*About this task*:
Keep the images out and set the listing below down word for word.

*Dataset section*:
● ● ●

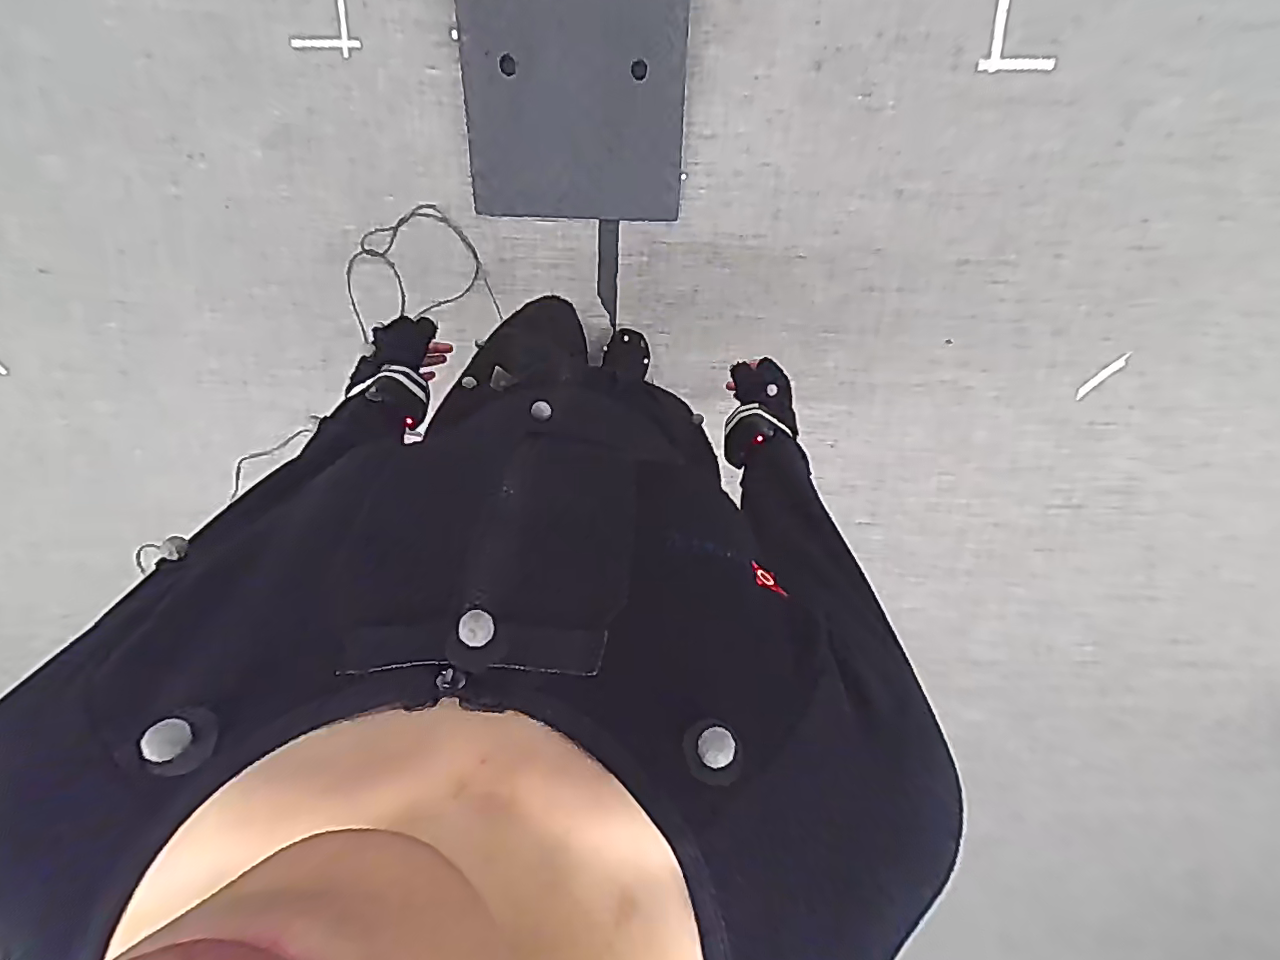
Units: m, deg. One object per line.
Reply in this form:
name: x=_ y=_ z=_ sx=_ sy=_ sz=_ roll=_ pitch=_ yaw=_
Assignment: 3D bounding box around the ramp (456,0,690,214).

● ● ●

*Response*:
Units: m, deg. One object per line.
Reply in this form:
name: x=_ y=_ z=_ sx=_ sy=_ sz=_ roll=_ pitch=_ yaw=_
Assignment: 3D bounding box around the ramp (456,0,690,214).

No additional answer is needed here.